My advertising work, which I gave up when I was in my late 20s, opened my eyes to how many messages we receive each day that are slyly misleading or designed to bypass our cognitive minds altogether and leave a positive impression or call to action. I was pretty good at this, until one day a colleague read a really good advertisement I had written and commented: ‘Bob, you sly dog.’
I didn’t want to be a sly dog.
The closest thing to advertising, in my journalistic experience, is the public relations teams at large organizations. I would call and ask for a comment, and the comment would inevitably be along the lines of: ‘No, everything is fine and dandy and all of our customers are blissfully happy, and any problems anybody reports are completely bogus.’ I would love to live in the sunny world of public relations professionals, where the glass is always half-full and never half-empty, and the world is always full of joy and sunshine. No group of people have made my job harder than PR folks, and the worst of it is that they are paid to lie to you, and they know it and do it anyway. Catch them in a lie and all you get is a shrug. That’s their job after all.
Smaller firms and individuals don’t have the resources to hire teams of PR professionals to fill the world with their sides of the story, and so this introduces a certain bias in the public discourse, a wind at the backs of the bigger firms, which I believe real journalists need to deliberately confront and sometimes counter. Ideally, that wind should be neutral.
Did I just write ‘real’ journalists? I think Angie is completely right and wrong at the same time. What I’ve articulated here are the general criteria for ‘real’ journalists, which I separate from entertainers and shills. Shills? Many writers claim to be objective, but if you look closely, you see that they make their living by embracing self-serving conflicts and income, pandering to certain audiences for clicks or attention. They pretend to be journalists in order to gain credibility with their readers.

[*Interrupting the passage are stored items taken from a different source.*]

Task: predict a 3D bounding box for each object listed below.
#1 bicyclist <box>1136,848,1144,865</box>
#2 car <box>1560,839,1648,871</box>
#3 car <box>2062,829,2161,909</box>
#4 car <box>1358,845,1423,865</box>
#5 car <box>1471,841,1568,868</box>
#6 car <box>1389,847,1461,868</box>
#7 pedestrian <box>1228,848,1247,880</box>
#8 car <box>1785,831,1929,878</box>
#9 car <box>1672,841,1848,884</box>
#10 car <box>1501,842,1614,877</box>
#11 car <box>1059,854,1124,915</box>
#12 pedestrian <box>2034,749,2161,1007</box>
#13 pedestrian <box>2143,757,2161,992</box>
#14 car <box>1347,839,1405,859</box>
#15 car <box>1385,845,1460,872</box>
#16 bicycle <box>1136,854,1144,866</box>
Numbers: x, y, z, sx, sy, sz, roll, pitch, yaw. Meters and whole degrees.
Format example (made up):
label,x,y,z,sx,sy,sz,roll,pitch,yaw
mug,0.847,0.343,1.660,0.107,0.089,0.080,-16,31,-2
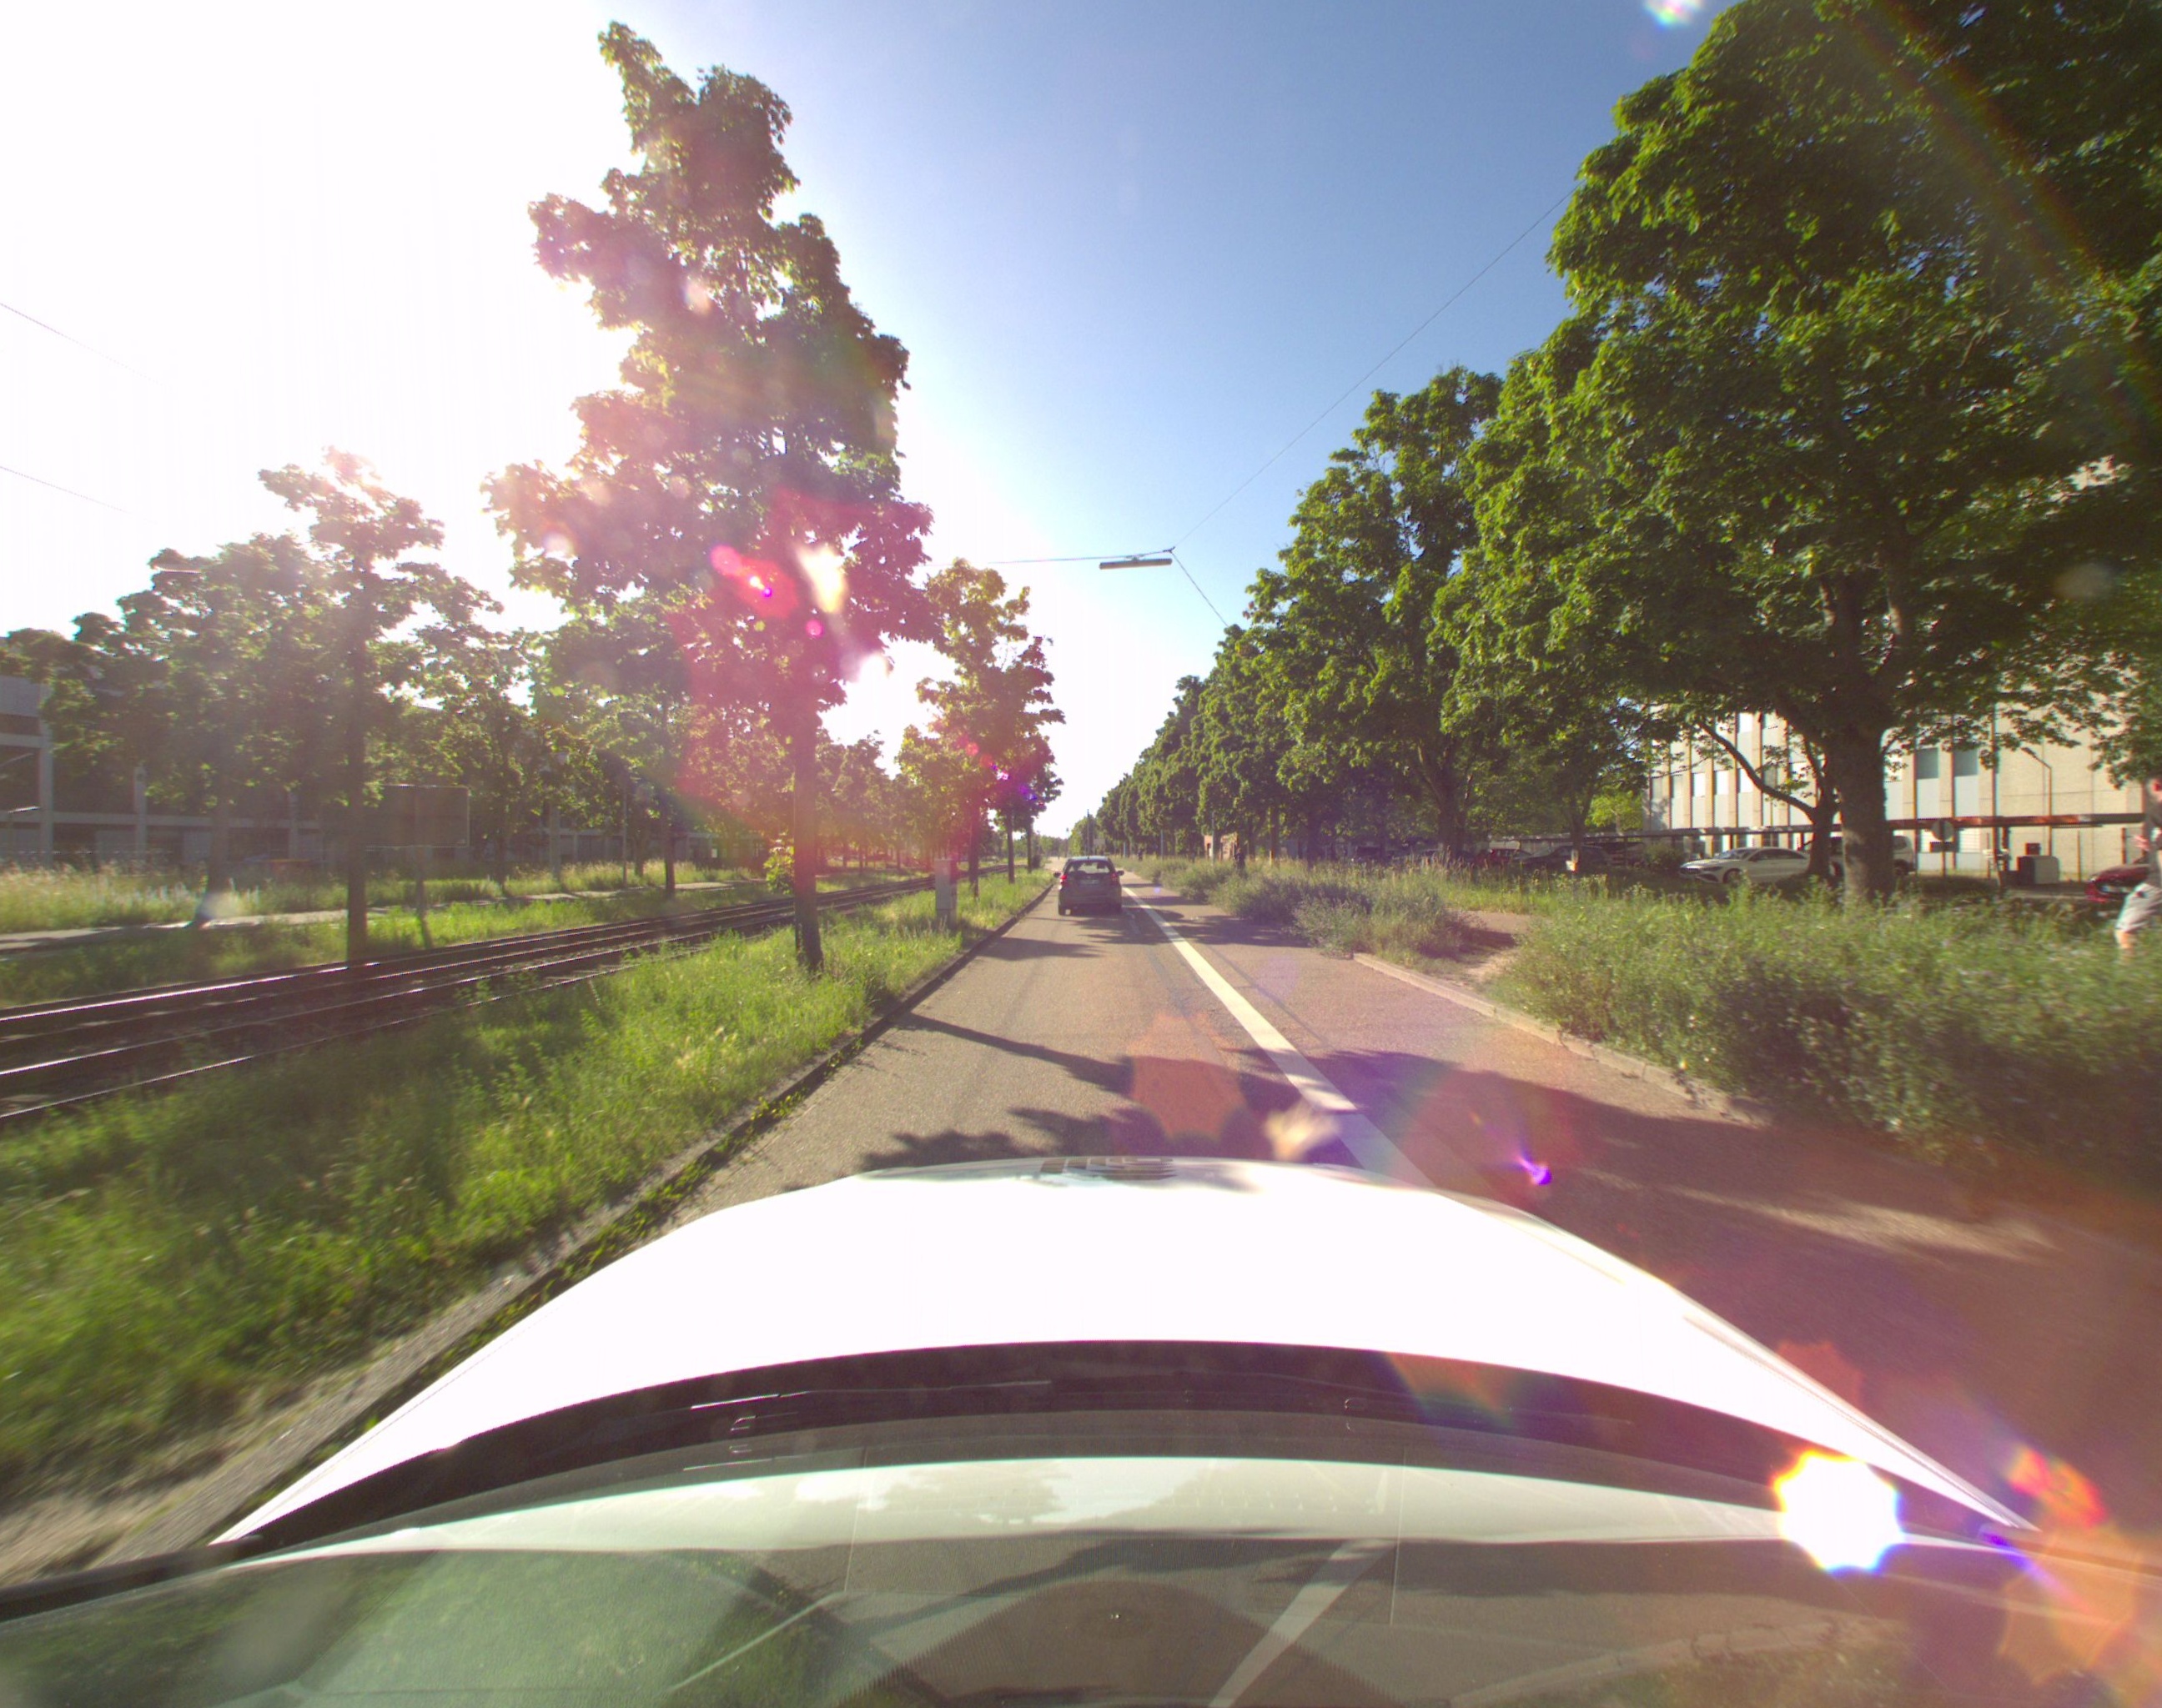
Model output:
label,x,y,z,sx,sy,sz,roll,pitch,yaw
bicyclist,6.117,0.244,83.905,0.681,1.720,0.901,-1,-1,-3
car,34.755,0.069,54.212,4.568,2.013,1.958,-1,0,1
car,23.161,0.246,16.857,4.230,1.536,1.760,-2,0,-10
car,23.552,0.072,62.093,4.338,1.459,1.690,-1,0,3
car,23.878,0.005,44.471,4.272,1.324,1.943,-2,1,4
car,23.353,0.233,55.429,4.147,1.432,1.826,0,0,3
pedestrian,7.703,0.479,40.077,0.821,1.569,0.762,0,0,1
car,35.211,0.017,37.029,4.734,1.950,1.974,-1,0,-1
car,23.321,0.274,28.056,4.686,1.271,1.806,-2,1,-3
car,22.912,0.254,39.257,4.382,1.596,1.882,-1,0,-3
car,0.246,0.772,22.284,1.619,1.499,3.455,-1,0,-1
pedestrian,8.391,0.177,6.456,0.705,1.918,0.817,0,0,2
pedestrian,9.199,0.166,6.365,0.705,1.930,0.817,0,0,4
car,23.366,-0.419,64.601,4.016,1.505,1.738,-1,0,0
car,21.215,0.271,50.668,3.985,1.525,1.704,-1,0,-3
bicycle,6.112,0.594,83.904,0.482,1.204,2.140,-1,-2,-4

They are, in my view, exactly like commissioned salespeople who pretend to be professionals and fiduciaries; what they offer is tainted by conflicts, usually undisclosed, often damaging.
And just like the advisors living in a world full of salespeople who pretend to be objective professionals, the real journalists are greatly outnumbered and somewhat hard to find. Responding to Angie, I can only hope that sooner or later the public will be able to distinguish between professional advisors and the sales agents who pretend to be sitting on the same side of the table as their customers, and between the writers/reporters who are committed to uncovering the truth about our world, from the entertainers and shills who are currently creating so much of what we read and see and hear.